Tell ya, these kids today go no sense of history.
Thanks.
@ Original Gangsta Dave. Today us young folks would call this anti- or alt-psych, which is a way of freeing ourselves from the rigid constraints of a pattern that we dig while still styling ourselves after it. It’s so postmodern. See also: anti-country, anti-folk, and alt-everything. That’s right, hyphens–and hyphy. Hope that helps you catch up.

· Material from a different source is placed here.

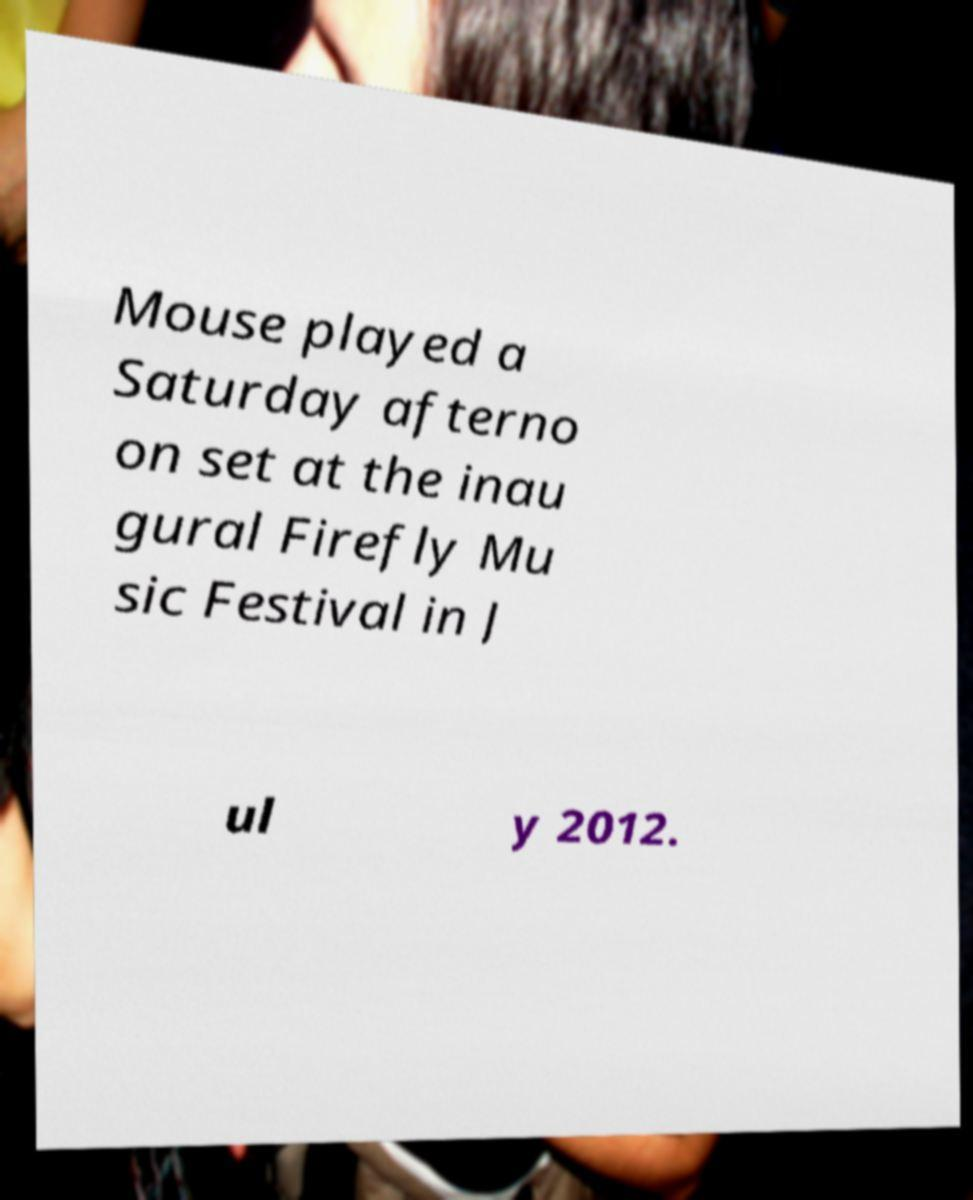Could you assist in decoding the text presented in this image and type it out clearly? Mouse played a Saturday afterno on set at the inau gural Firefly Mu sic Festival in J ul y 2012. 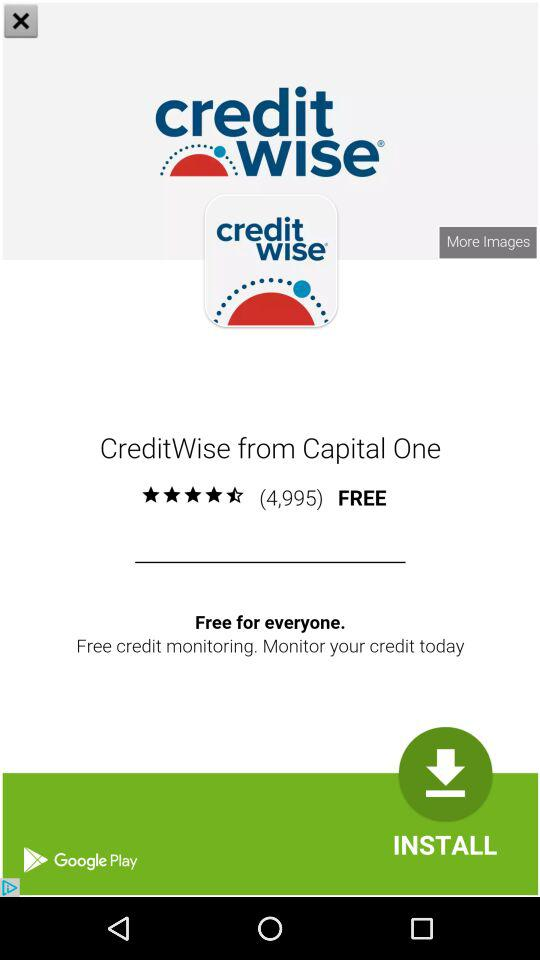How many stars are given to "CreditWise from Capital One"? There are 4.5 stars given to "CreditWise from Capital One".

Also, OG Davemeister, I never said the album itself isn’t psychedelic. It definitely is, or can at least be considered as such in the manner that you seem to be defining “psychedelic.” What I said was that it “leans away from the overtly psychedelic music that was permeating youth culture at the time” (what you would call acid rock). The forms around which Parks composed the songs are (whether you care to admit it or not) totally traditional (bluegrass, ragtime, etc.). While the album itself may be “psychedelic,” the songs themselves can be easily included in genres that, as I stated, are some of the most unpsychedelic of all time. In much the same manner, for example, as Brian Jones’ “Pipes of Pan at Jajouka” is psychedelic, yet totally traditional and unpsychedelic at the same time. If you played that record for a young, progressive person at the time, they would have said, “Yeah, man, totally psychedelic…brooooo.” But if you played it for a native of Jajouka, they would say, “Yeah, this is the shit my ancestors have been doing for centuries. This is musical traditionalism.” The interpretation, or arbitrary genres into which one shoves any music, are totally unique to the listener. But thanks for the input. And for the record, my sense/understanding/and knowledge of history, particularly musical history, are quite strong; and I’m not a “kid,” old man.
Been a long time since anyone commented on this review and Laine commented on their comments, but let me just say, stumbling upon it as I did this evening, every quality I hate in pop music critics – both in the review and in Laine’s comments – are here in spades. I’m glad you got in semiprint and all, brother, but, uh, the hyperattacks on the folks reveal another geek hoping to be deemed Mr. Lester Bangs, Jr. Funny thing was (and how quickly we forgot), for all his crassness, Bangs was a lot more human that…
typo! try again…Been a long time since anyone commented on this review and Laine commented on their comments, but let me just say, stumbling upon it as I did this evening, every quality I hate in pop music critics – both in the review and in Laine’s comments – is here in spades. I’m glad you got in semiprint and all, brother, but, uh, the hyperattacks on the folks daring to disagree, disrepectfully, with him reveal another geek hoping to be deemed Mr. Lester Bangs, Jr. Funny thing was (and how quickly we forgot), for all his crassness, Bangs was a lot more human that…
My head hurts. VDP is a genius. Enough said.